Showing posts with label blanket. Show all posts
Showing posts with label blanket. Show all posts

04 December 2011

Progress!

Due to a hilarious (well, maybe not "hilarious," but it's either that or "frustrating," so I'll take the former) series of events, both of our guest beds have been unusable for ... six months or so? Maybe only four. Whatever, long enough that I haven't been able to block anything sizeable for a very long time.

All that has changed now, and I've now got both guest beds functional again. Come visit! But probably not in the winter, as there's no heat in this room, and I want to rent out the one that has a radiator. But meanwhile, I can block things again!

This is the long-languishing lizard ridge. Soon, friends, I will be able to sew together those long strips and add the border (I'm just going to do a garter stitch border, not crochet the silly scalloppy one in the pattern) and then it will be done! This is a very exciting thing, you know. Warm is good, up here in Vermont. Particularly in guest bedrooms that don't have heat.

11 June 2011

Lizard Ridge Update #4

Or, "I'm getting really creative with these blog post titles, aren't I?"

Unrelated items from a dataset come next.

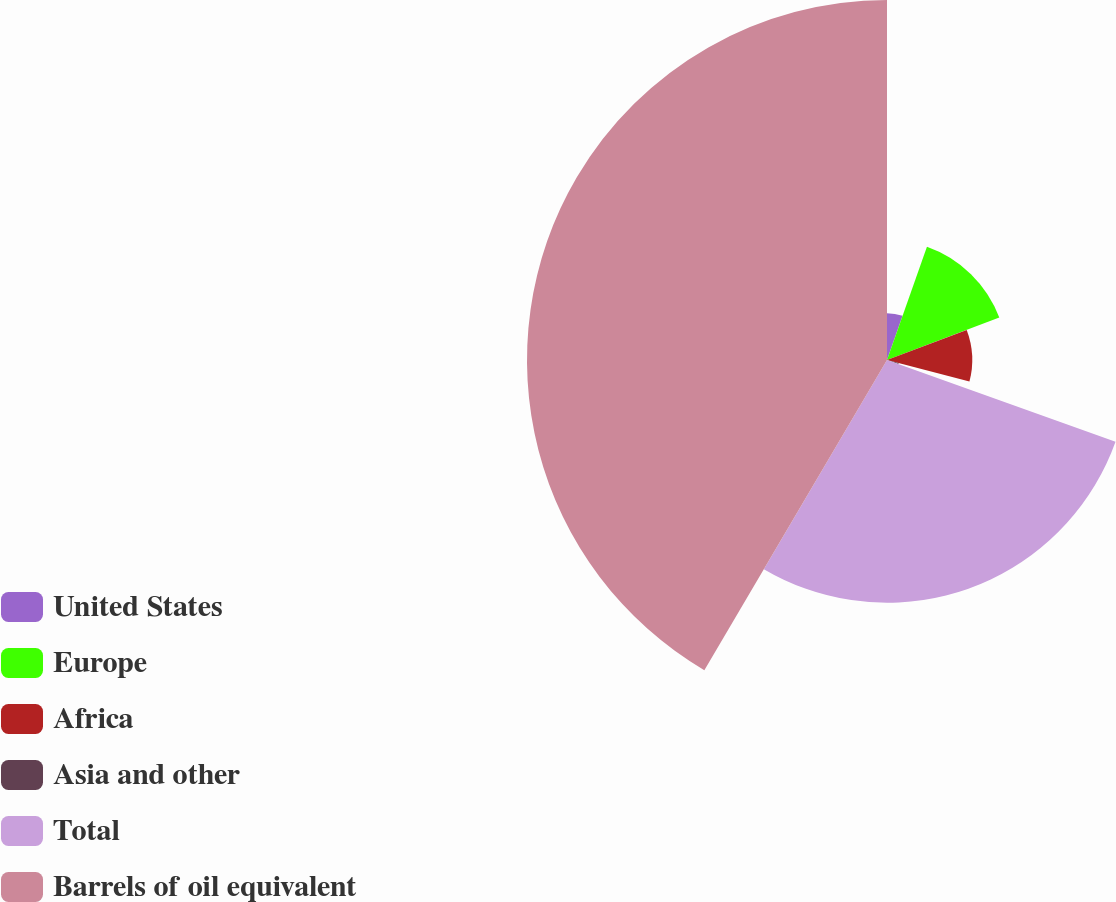<chart> <loc_0><loc_0><loc_500><loc_500><pie_chart><fcel>United States<fcel>Europe<fcel>Africa<fcel>Asia and other<fcel>Total<fcel>Barrels of oil equivalent<nl><fcel>5.4%<fcel>13.85%<fcel>9.83%<fcel>1.39%<fcel>28.0%<fcel>41.53%<nl></chart> 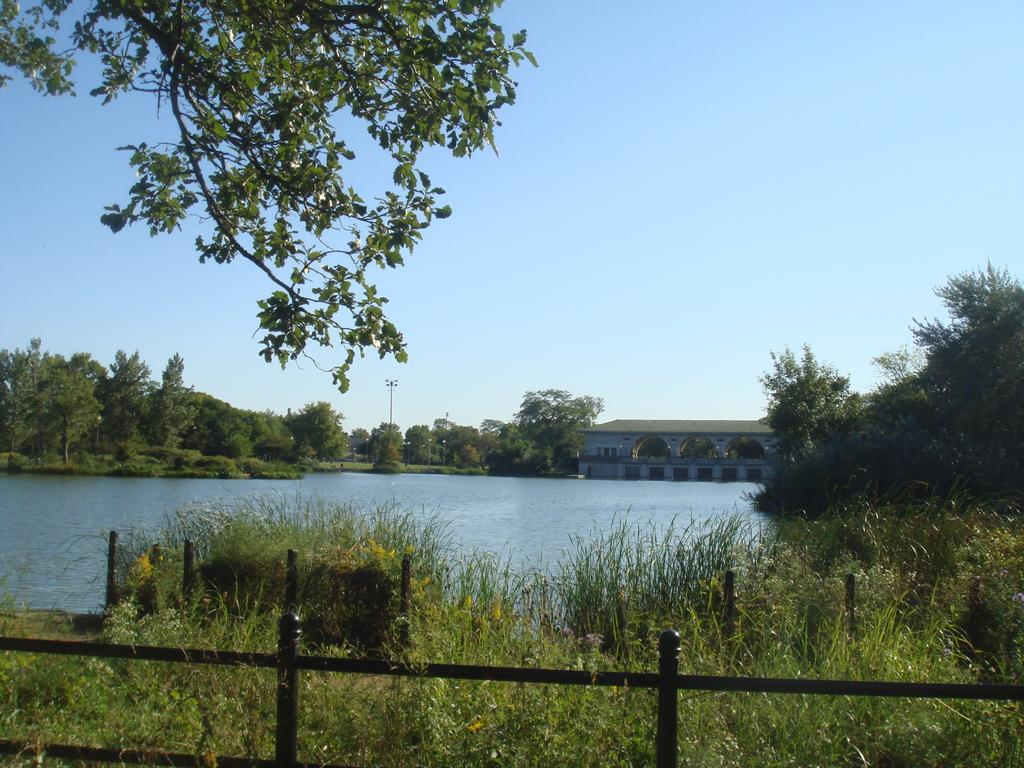What type of vegetation is present in the image? There is grass in the image. What type of structure can be seen in the image? There is fencing in the image. What natural element is visible in the image? There is water in the image. What can be seen in the background of the image? There are trees and a house in the background of the image. What is visible at the top of the image? The sky is clear and visible at the top of the image. Can you see a tiger playing with a boy near the water in the image? No, there is no tiger or boy present in the image. Is there a fire burning near the house in the background of the image? No, there is no fire visible in the image. 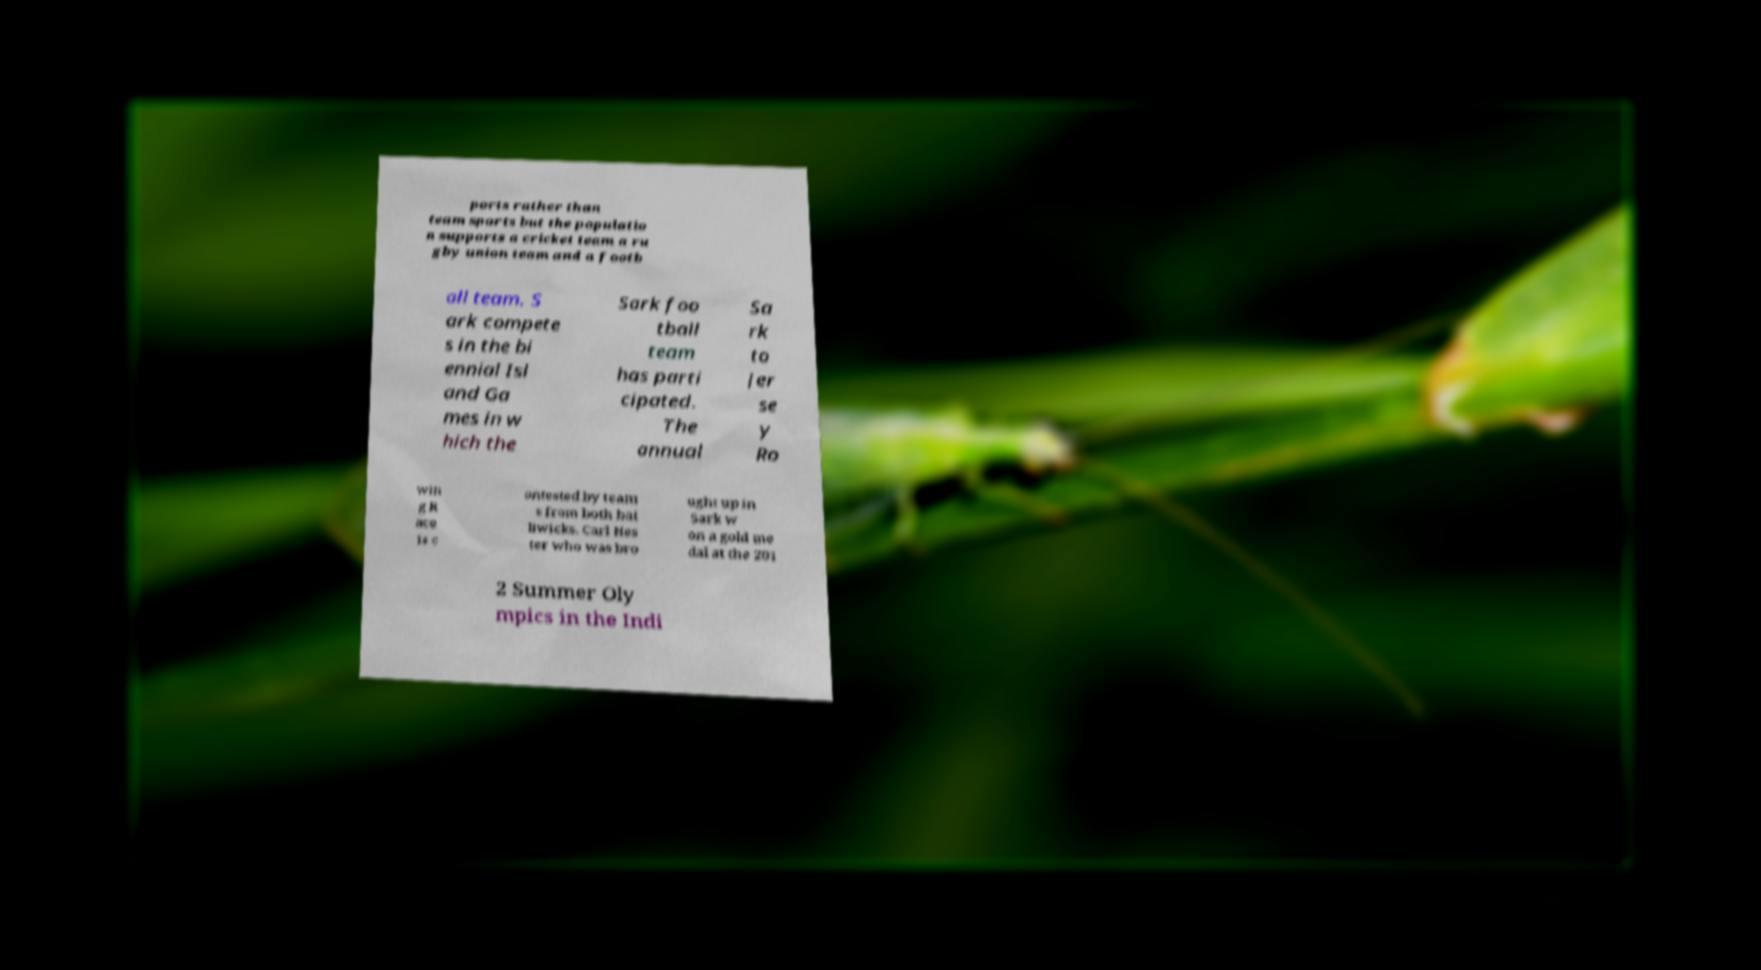Could you extract and type out the text from this image? ports rather than team sports but the populatio n supports a cricket team a ru gby union team and a footb all team. S ark compete s in the bi ennial Isl and Ga mes in w hich the Sark foo tball team has parti cipated. The annual Sa rk to Jer se y Ro win g R ace is c ontested by team s from both bai liwicks. Carl Hes ter who was bro ught up in Sark w on a gold me dal at the 201 2 Summer Oly mpics in the Indi

Been a little while, huh? Thanks for those of you who've prodded me to get back to blogging. First there was Easter, which is kind of a big deal. And then there was recovery from Easter (known as "May" to most of you). And then I had a bicycling accident in mid-May, just as I was getting back in the saddle, pun intended. (My first ride of the year! It was going to be a seven-miler! Instead, it was a four-miler, a head-over-handlebars flight, and a trip to the ER!) (I'm okay, just had lots of big bruises, but I went to the doc to get checked just in case.) And now I'm recovered for real.

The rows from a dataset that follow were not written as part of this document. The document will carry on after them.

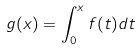Convert formula to latex. <formula><loc_0><loc_0><loc_500><loc_500>g ( x ) = \int _ { 0 } ^ { x } f ( t ) d t</formula> 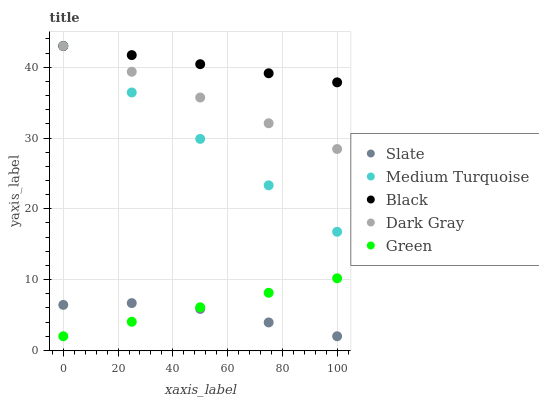Does Slate have the minimum area under the curve?
Answer yes or no. Yes. Does Black have the maximum area under the curve?
Answer yes or no. Yes. Does Green have the minimum area under the curve?
Answer yes or no. No. Does Green have the maximum area under the curve?
Answer yes or no. No. Is Black the smoothest?
Answer yes or no. Yes. Is Slate the roughest?
Answer yes or no. Yes. Is Green the smoothest?
Answer yes or no. No. Is Green the roughest?
Answer yes or no. No. Does Green have the lowest value?
Answer yes or no. Yes. Does Black have the lowest value?
Answer yes or no. No. Does Medium Turquoise have the highest value?
Answer yes or no. Yes. Does Green have the highest value?
Answer yes or no. No. Is Green less than Dark Gray?
Answer yes or no. Yes. Is Dark Gray greater than Slate?
Answer yes or no. Yes. Does Green intersect Slate?
Answer yes or no. Yes. Is Green less than Slate?
Answer yes or no. No. Is Green greater than Slate?
Answer yes or no. No. Does Green intersect Dark Gray?
Answer yes or no. No. 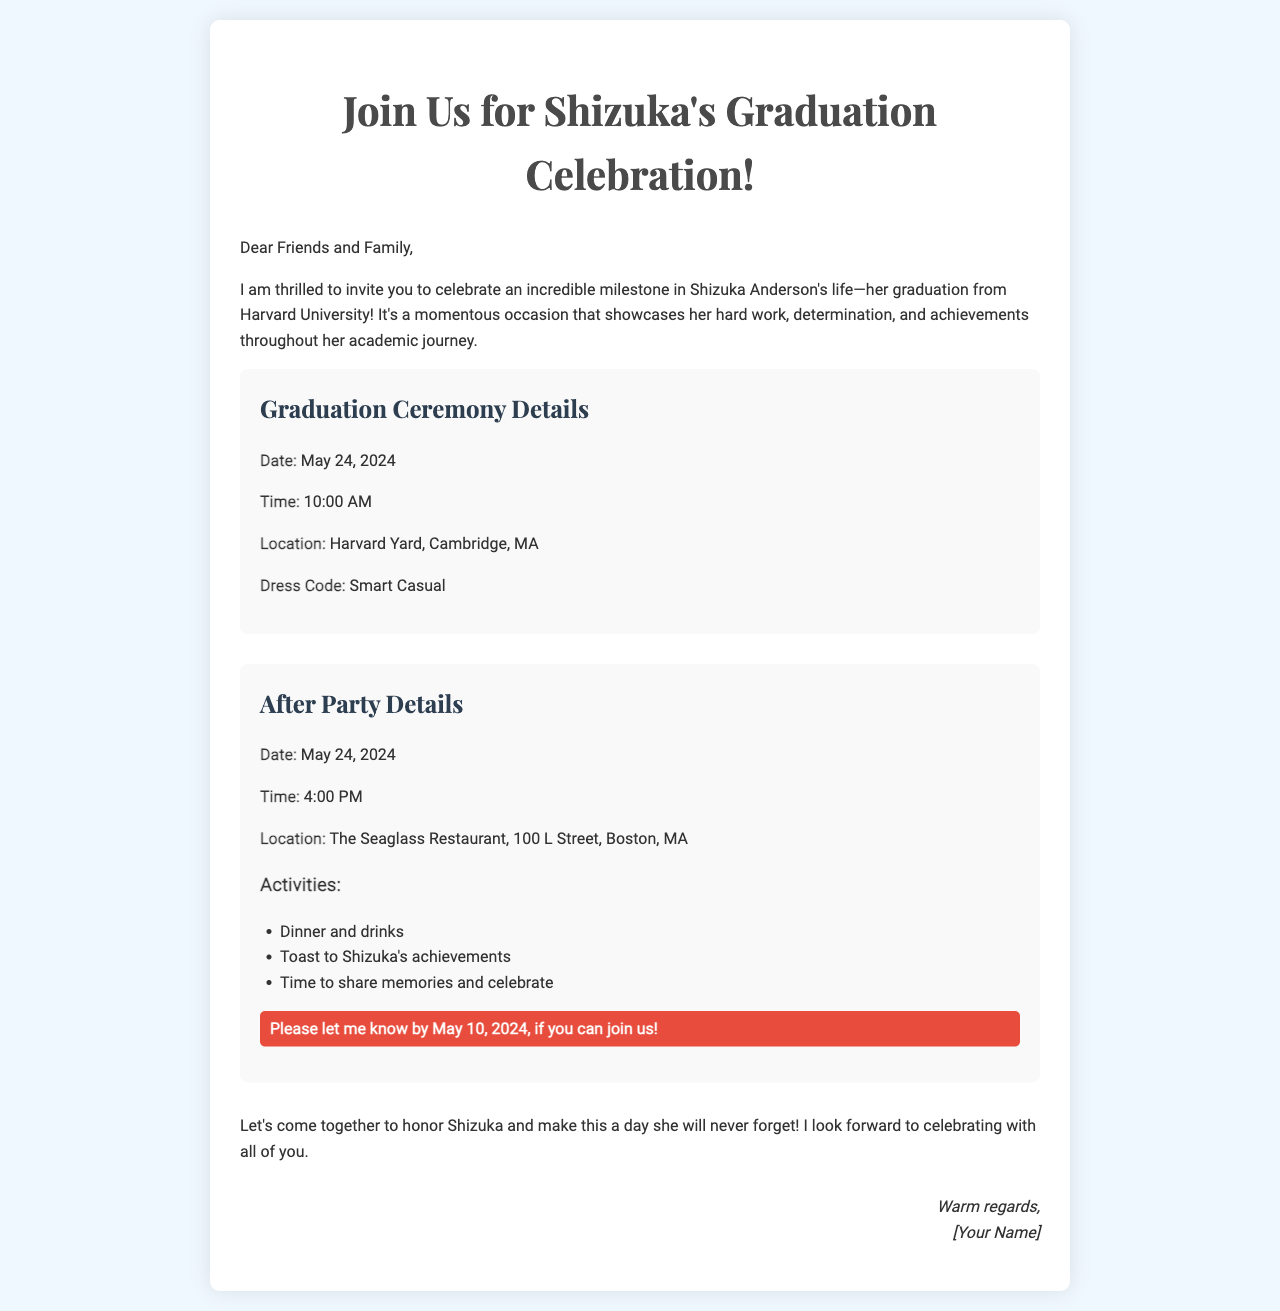what is the date of Shizuka's graduation ceremony? The date of the graduation ceremony is explicitly stated in the document.
Answer: May 24, 2024 what time does the graduation ceremony start? The starting time for the ceremony is mentioned clearly.
Answer: 10:00 AM where is the graduation ceremony taking place? The location of the ceremony is provided in the document.
Answer: Harvard Yard, Cambridge, MA what is the dress code for the graduation ceremony? The document specifies the dress code for the ceremony.
Answer: Smart Casual what activities are planned for the after party? The document lists specific activities that will occur at the after party.
Answer: Dinner and drinks, Toast to Shizuka's achievements, Time to share memories and celebrate what is the deadline to RSVP for the after party? The RSVP deadline is highlighted in the document for clarity.
Answer: May 10, 2024 how long after the graduation ceremony does the after party start? To determine the time difference, we can subtract the ceremony start time from the after party start time.
Answer: 6 hours who is signing off the invitation? The closing section of the document includes the name of the person sending the invitation.
Answer: [Your Name]

And I had a spare Saturday, because I'm not preaching tomorrow, and it's a rainy day. Would have gone to the WWKIP gathering in City Hall Park today, but between some work-work I had to catch up on and the rain, I decided that I would just K-BIP (Knit-Blog in Public) instead.

So! Without further ado...


It's the Lizard Ridge blanket. The knitting is all finished. I have to block it and seam it, then do the edging. I bought a nice light gray, much to the dismay of my good old Finnish friend who has just learned about this blog. I think it will make all the colors stand out equally -- my fear with the forest green is that it will bring out the dark patches, especially the greens, but the light bits will get lost and the reds will look out of place. But the gray will offset all the colors nicely.

The blocking is on hold for the moment -- meaning that the entire project is on hold -- because we are in the process of fixing up one of our upstairs bedrooms at the moment. That means that (1) all the stuff from Bedroom A is now in Bedrooms B and C, and both spare beds are covered in the stuff from Bedroom A, and (2) there is a ton of plaster dust up there and I don't want it to get all over my lovely handiwork. So blocking will have to wait until that room is painted and cleaned, so that both the stuff and the dust are in their proper places, and I get at least one spare bed back.

But you have some idea of what Lizard Ridge is going to look like now. And that's fun. Happy Hiatus-is-over!

17 April 2011

Lizard Ridge Update #3


Here's another progress shot of Lizard Ridge. SOOOO CLOSE!!!!! 3 strips done, one more well on its way.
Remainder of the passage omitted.